WINNIPEG — As world leaders, including Canada’s new prime minister, meet in Paris Nov. 30 — Dec. 11 to conclude a major new climate change agreement, their main focus is on cutting greenhouse gas emissions — a good thing. But the plight of many of the world’s 1.5 billion small-scale farmers should also be addressed.

“Our partners across Africa and Asia are telling us that they are facing increased droughts, more severe flooding and unpredictable growing seasons,” says Jim Cornelius, executive director of Canadian Foodgrains Bank. “They need support in adapting to climate change, as well as other environmental challenges.”

A new report from the Canadian Foodgrains Bank argues that promoting strong public investments in sustainable agricultural practices will help farmers build climate resilience.

Sustainable Harvests: How investing in agriculture can help farmers address environmental challenges, documents the many environmental obstacles farmers face, including water shortages, degraded soils and a decline in diversity of plants and animals. Climate change poses an enormous additional risk, with the potential to increase the number of hungry people by 10-20 per cent by 2050.

Small-scale farmers, particularly women, are especially vulnerable to environmental degradation. “They are often relegated to the poorest lands and they directly depend on natural resources, such as rain, to provide for their families,” said Cornelius.

What makes things more challenging is “they have limited capacity to adapt to these challenges, due to lack of access to credit, agricultural information and other supports,” he adds.

Many of the solutions are already known, Cornelius notes. Sustainable practices such as conservation agriculture, agroforestry, the use of more diversified crop rotations and drip-irrigation.

“These practices can help conserve water resources, build soil health, and enable adaptation to climate change,” he says. “But small-scale farmers need support to put these solutions into practice.”

Unfortunately, Canadian government aid for agriculture is in decline. From 2008 — 2011 Canada’s support for agriculture averaged $450 million per year. Since 2011, this has fallen by 30 per cent.

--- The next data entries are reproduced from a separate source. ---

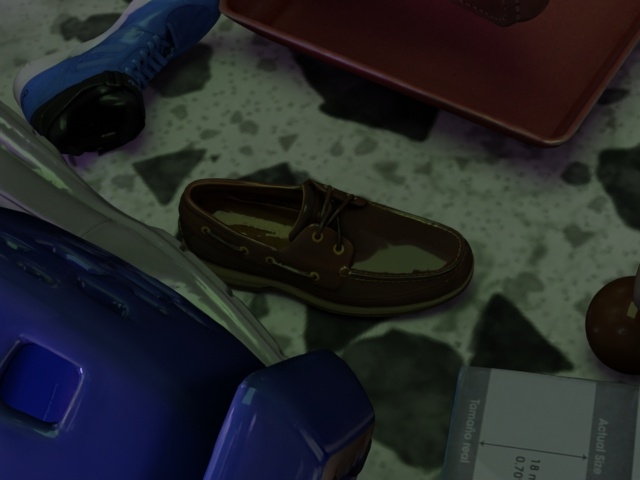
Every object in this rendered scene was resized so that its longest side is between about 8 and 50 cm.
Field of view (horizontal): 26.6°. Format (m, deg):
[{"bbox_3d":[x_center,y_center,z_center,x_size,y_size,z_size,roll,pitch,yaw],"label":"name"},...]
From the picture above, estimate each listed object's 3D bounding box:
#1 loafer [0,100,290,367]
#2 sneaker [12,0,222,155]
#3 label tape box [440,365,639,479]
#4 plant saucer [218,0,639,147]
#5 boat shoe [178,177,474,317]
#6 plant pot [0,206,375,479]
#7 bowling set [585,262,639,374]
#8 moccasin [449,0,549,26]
[{"bbox_3d":[-0.135,0.033,0.744,0.319,0.112,0.111,36,72,23],"label":"loafer"},{"bbox_3d":[-0.120,-0.108,0.880,0.152,0.058,0.084,-28,49,-9],"label":"sneaker"},{"bbox_3d":[0.207,0.196,0.582,0.333,0.106,0.241,6,55,12],"label":"label tape box"},{"bbox_3d":[0.107,-0.180,0.916,0.258,0.048,0.259,25,59,24],"label":"plant saucer"},{"bbox_3d":[0.000,0.000,0.784,0.178,0.060,0.064,8,55,13],"label":"boat shoe"},{"bbox_3d":[-0.108,0.121,0.564,0.212,0.236,0.236,20,90,8],"label":"plant pot"},{"bbox_3d":[0.230,-0.004,0.683,0.200,0.287,0.154,5,58,46],"label":"bowling set"},{"bbox_3d":[0.000,-0.237,0.855,0.147,0.139,0.380,-35,56,-17],"label":"moccasin"}]

The Foodgrains Bank is urging Canada to restore its aid for agriculture to at least $450 million per year, and also to ensure that aid supports sustainable agricultural practices. “This would be a win for reducing hunger in the world. And it would be a win for the environment,” says Cornelius.

At the climate change talks in Paris, the world’s developed countries can show their support for helping small-scale farmers adapt to climate change by making commitments of financial support to help developing countries adapt to and slow climate change, he adds.

“This is a great opportunity for the new Canadian government to make a positive contribution to fighting climate change. Let’s make sure the world’s most vulnerable farmers get the support they need,” he says.

Sustainable Harvests is the third in a series of reports from the Foodgrains Bank documenting the benefits of agricultural development. The first, Money in the Pocket, Food on the Table, made the case that investing in agriculture in developing countries is one of the most effective ways to reduce poverty in the world. The second, Growing Nutrition, showed how agricultural development can lead to improved nutrition for families.